Voltando um pouco atrás, no início da década de 70, foi criada a Lei Federal Nº 5.692, em 1971 que consagrou a extensão da educação básica obrigatória de 04 para 8 anos – constituindo o então denominado ensino de primeiro grau – e, ao mesmo tempo, dispondo as regras básicas para o provimento de educação supletiva, sendo este grau de ensino correspondente ao ensino de jovens e adultos (DI PIERRO, 2001, 2004; FAVERO, 1999). Pela primeira vez, a educação voltada a esse segmento mereceu um capítulo específico na legislação educacional, que distinguiu as várias funções:

a suplência – relativa à reposição de escolaridade;

 o suprimento – relativa ao aperfeiçoamento ou atualização;  a aprendizagem e;

Um dos componentes mais significativos do atendimento educativo preconizado pela Lei 5692/71 àqueles que não haviam realizado ou completado na idade própria a escolaridade obrigatória foi a flexibilidade. O aprendiz agora não mais precisaria passar vários anos nos bancos escolares para aprender e conseguir sua certificação, seu diploma (HADDAD e DI PIERRO, 1994).

A entrada precoce dos jovens adultos das camadas mais pobres no mundo do trabalho formal ou informal provocou a sua transferência para os programas de educação originalmente destinados à população adulta. A entrada precoce no mundo do trabalho e o aumento das exigências de instrução e domínio de habilidades no mundo do trabalho constituem os fatores principais a direcionar os jovens e adultos para os cursos de suplência, (DI PIERRO, 1992; FAVERO, 1999) que aí chegam com mais expectativas que os adultos mais velhos de prolongar a escolaridade pelo menos até o ensino médio para inserir-se ou ganhar mobilidade no mundo do trabalho.

As conhecidas deficiências do sistema escolar regular público brasileiro são, sem dúvida, responsáveis por parte da demanda do público mais jovem sobre os programas de ensino supletivo. Os dados sobre a defasagem entre a idade e a série, no ensino regular, pela sua magnitude, apontam nessa direção: em 1996, a Contagem da População (IBGE, 1997) constatava a existência de 5,3 milhões de pessoas de 15 a 19 anos frequentando a escola em situação de defasagem de ano ou mais. O índice de defasagem aumenta progressivamente com a idade, chegando próximo de 90% entre jovens de 18 anos.

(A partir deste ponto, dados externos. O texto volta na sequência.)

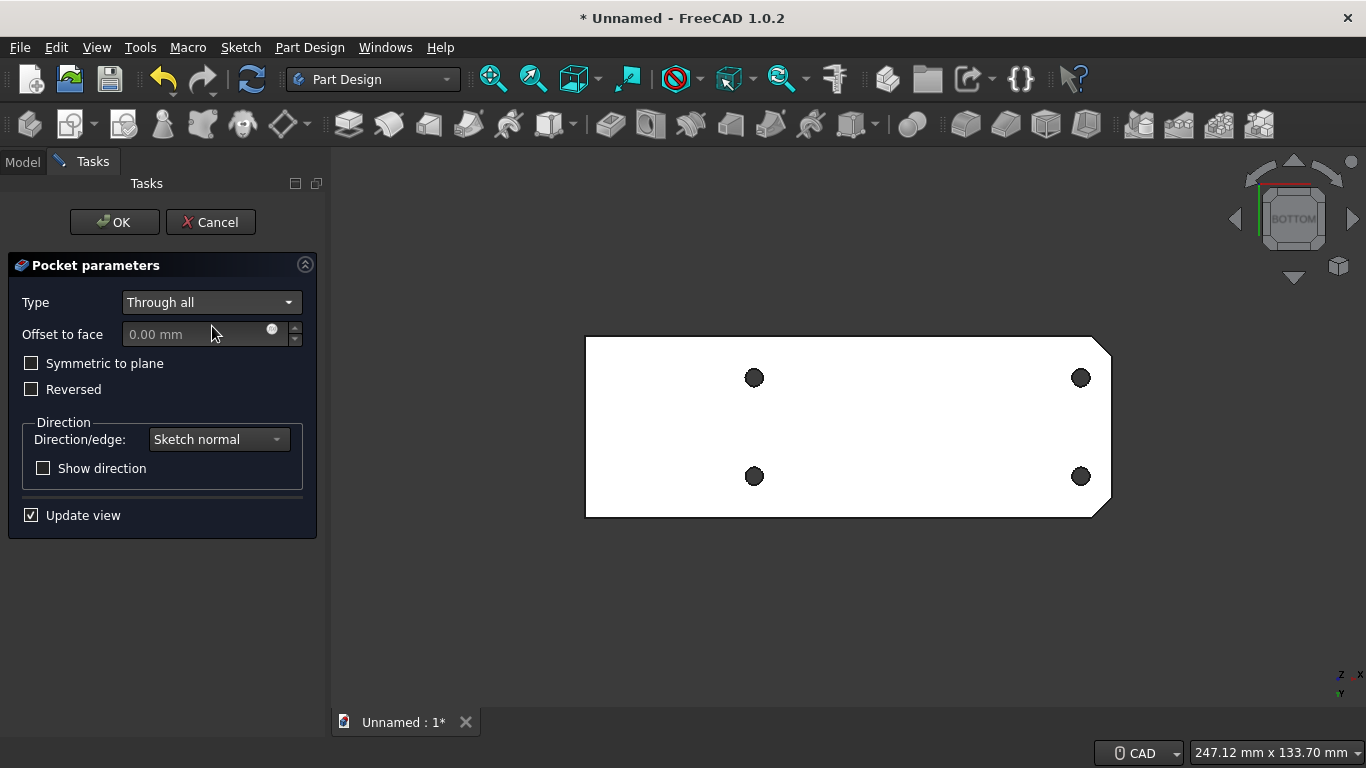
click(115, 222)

Nesse contexto, a suplência passou a constituir-se em oportunidade educativa para um largo segmento da população, com três trajetórias escolares básicas: para os que iniciam a escolaridade já na condição de adultos trabalhadores; para adolescentes e adultos jovens que ingressaram na escola regular e a abandonaram, há algum tempo, frequentemente motivados pelo ingresso no trabalho ou em razão de movimentos migratórios; (MANFREDI, 1998; GUIDELLI, 1996; DI PIERRO, 2003) para adolescentes que ingressaram e cursaram recentemente a escola regular, mas acumularam aí grandes defasagens entre a idade e a série cursada.

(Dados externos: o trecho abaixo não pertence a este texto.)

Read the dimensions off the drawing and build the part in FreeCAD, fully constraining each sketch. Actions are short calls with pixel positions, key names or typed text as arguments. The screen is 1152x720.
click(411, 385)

Prevista na lei, ela se concretizou na possibilidade de organização do ensino nas seguintes modalidades:

 Cursos Supletivos – vigorarand a seriação, a presença obrigatória e como característica diferencial a aceleração, levando a metade de tempo para a conclusão em relação ao ensino regular;

 Centros de Estudo – oferecendo material didático em módulos, a avaliação periódica por disciplina ou módulo e frequência livre;

 Ensino à Distância – através de televisão, programas em vídeo e acompanhamento com monitor.

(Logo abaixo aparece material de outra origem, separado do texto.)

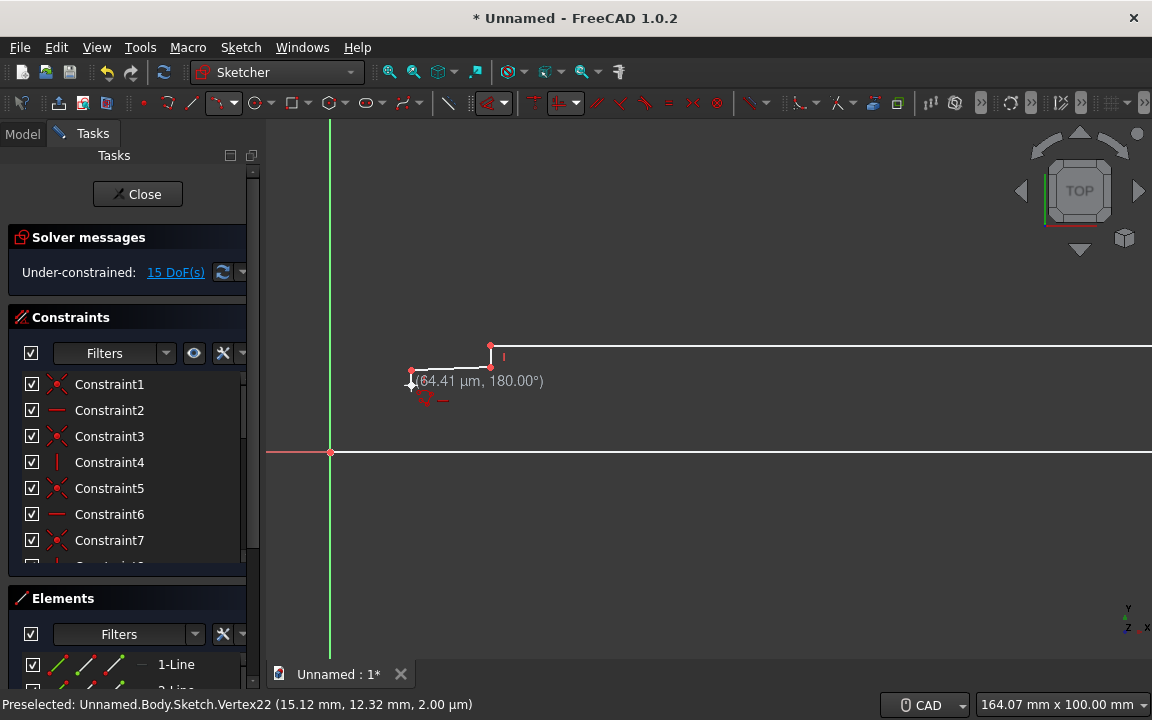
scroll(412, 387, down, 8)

Como exemplo, na década de 80, tínhamos o programa Logus I, destinado à formação de jovens e adultos, chamada então de ensino supletivo, que atendia a aprendizes até o nono ano e o programa Logus II, atendendo a suplência de ensino médio para a formação dos professores, dando direito a estes da certificação para o Magistério do Ensino Fundamental. Hoje temos os programas governamentais EJA – Educação de Jovens e Adultos e CESEC – Centro de educação Supletiva e Educação Continuada (GALVÃO e SOARES, 2004; DI PIERRO 2001, 2004).